[What you will do]
Every line that holds the word "radius" needs to be copied from the data below.

[Data listing]
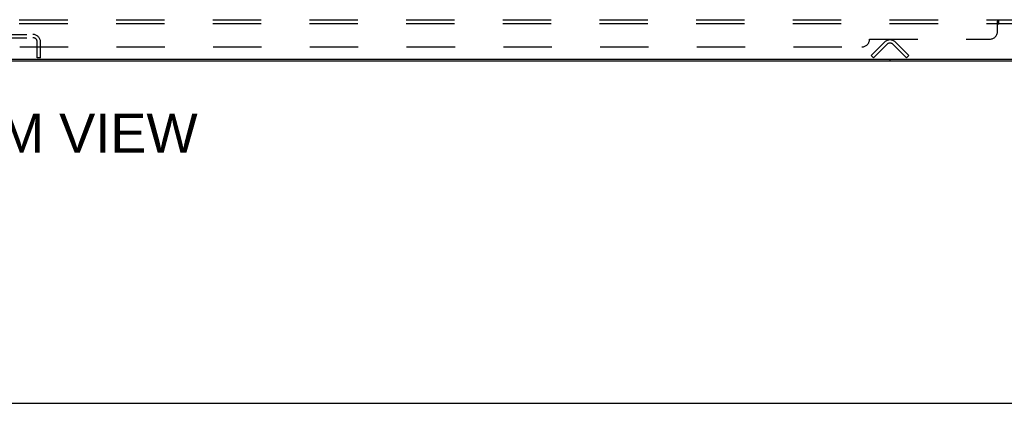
# Model space of a CAD drawing. Header units: inches. Extents: x 0 to 283, y 0 to 183.
# Tile 29 of 256: x 90 to 121, y 0 to 12. Entities that reach past the tile are written whole.
import ezdxf

# ---------------------------------------------------------------- set-up
doc = ezdxf.new("R2010")
doc.units = ezdxf.units.IN
doc.header["$LTSCALE"] = 15.583333
doc.header["$MEASUREMENT"] = 0
doc.linetypes.add('HIDDEN', pattern=[0.2, 0.1, -0.1])
doc.layers.get('0').update_dxf_attribs({"linetype": 'CONTINUOUS'})
for name, color, linetype in [('DEFAULT_2', 8, 'HIDDEN'), ('DIMENSIONS', 7, 'CONTINUOUS'), ('SUBPANEL', 7, 'CONTINUOUS')]:
    doc.layers.add(name, color=color, linetype=linetype)
doc.styles.get("Standard").update_dxf_attribs({"font": 'arial.ttf'})

msp = doc.modelspace()

# ---------------------------------------------------------------- linework, layer by layer
at = {"color": 7, "linetype": 'Continuous'}
for p, q in [((125.164, 11.078), (53.394, 11.078)), ((117.779, 11.078), (117.779, 11.026)), ((0, 0), (283.333, 0))]:
    msp.add_line(p, q, dxfattribs=at)
at = {"color": 3, "linetype": 'Continuous'}
msp.add_line((53.505, 11.026), (125.053, 11.026), dxfattribs=at)
at = {"layer": 'DEFAULT_2', "color": 8, "linetype": 'HIDDEN'}
for p, q in [((88.401, 11.88), (90.158, 11.88)), ((88.401, 11.776), (90.158, 11.776)), ((90.3, 11.13), (90.3, 11.634)), ((90.404, 11.13), (90.404, 11.634)), ((117.175, 11.204), (117.605, 11.633)), ((117.679, 11.56), (117.249, 11.13)), ((118.31, 11.13), (117.88, 11.56)), ((117.954, 11.633), (118.383, 11.204)), ((90.404, 11.13), (90.3, 11.13)), ((117.249, 11.13), (117.175, 11.204)), ((118.31, 11.13), (118.383, 11.204))]:
    msp.add_line(p, q, dxfattribs=at)
for centre, radius, start, end in [((90.158, 11.634), 0.246, 0, 90), ((90.158, 11.634), 0.142, 0, 90), ((117.779, 11.459), 0.246, 45, 135), ((117.779, 11.459), 0.142, 45, 135)]:
    msp.add_arc(centre, radius, start, end, dxfattribs=at)
at = {"layer": 'SUBPANEL', "color": 8, "linetype": 'HIDDEN'}
for p, q in [((55.436, 12.355), (123.123, 12.355)), ((55.436, 12.23), (123.123, 12.23)), ((121.248, 11.98), (121.248, 12.301)), ((121.258, 12.321), (121.262, 12.329)), ((121.283, 12.23), (121.283, 12.355)), ((61.686, 11.48), (116.873, 11.48)), ((117.123, 11.73), (120.998, 11.73))]:
    msp.add_line(p, q, dxfattribs=at)
for points in [[(121.248, 12.301), (121.25, 12.304), (121.252, 12.306), (121.253, 12.31), (121.255, 12.313), (121.257, 12.317), (121.258, 12.321)], [(121.248, 12.205), (121.25, 12.205), (121.252, 12.204), (121.253, 12.204), (121.255, 12.205), (121.256, 12.205), (121.258, 12.206), (121.26, 12.207), (121.261, 12.208), (121.262, 12.209), (121.264, 12.211), (121.265, 12.212)], [(121.248, 12.205), (121.25, 12.205), (121.252, 12.204)], [(121.253, 12.204), (121.255, 12.205), (121.256, 12.205), (121.258, 12.206), (121.26, 12.207)], [(121.261, 12.208), (121.262, 12.209), (121.264, 12.211), (121.265, 12.212), (121.267, 12.214), (121.268, 12.216), (121.27, 12.22)], [(121.262, 12.329), (121.263, 12.332), (121.265, 12.336), (121.267, 12.34)], [(121.267, 12.34), (121.268, 12.343), (121.27, 12.346), (121.272, 12.349), (121.274, 12.351)], [(121.27, 12.346), (121.272, 12.349), (121.274, 12.351), (121.276, 12.353), (121.278, 12.354), (121.28, 12.355), (121.282, 12.355), (121.283, 12.355)], [(121.27, 12.22), (121.272, 12.222), (121.273, 12.224), (121.275, 12.225), (121.276, 12.227), (121.278, 12.228), (121.279, 12.229), (121.281, 12.23), (121.282, 12.23), (121.283, 12.23)], [(121.273, 12.224), (121.275, 12.225), (121.276, 12.227), (121.278, 12.228), (121.279, 12.229), (121.281, 12.23), (121.282, 12.23), (121.283, 12.23)], [(121.276, 12.353), (121.278, 12.354), (121.28, 12.355), (121.282, 12.355), (121.283, 12.355)]]:
    msp.add_lwpolyline(points, dxfattribs=at)
for centre in [(120.998, 11.98), (116.873, 11.73)]:
    msp.add_arc(centre, 0.25, 270, 360, dxfattribs=at)

# ---------------------------------------------------------------- texts
at = {"layer": 'DIMENSIONS', "color": 2, "linetype": 'Continuous', "insert": (89.258, 9.325), "char_height": 1.25, "width": 12.38848, "attachment_point": 2, "line_spacing_factor": 0.9}
msp.add_mtext('BOTTOM VIEW', dxfattribs=at)

doc.saveas('drawing.dxf')

[Response below]
for centre, radius, start, end in [((90.158, 11.634), 0.246, 0, 90), ((90.158, 11.634), 0.142, 0, 90), ((117.779, 11.459), 0.246, 45, 135), ((117.779, 11.459), 0.142, 45, 135)]:
    msp.add_arc(centre, radius, start, end, dxfattribs=at)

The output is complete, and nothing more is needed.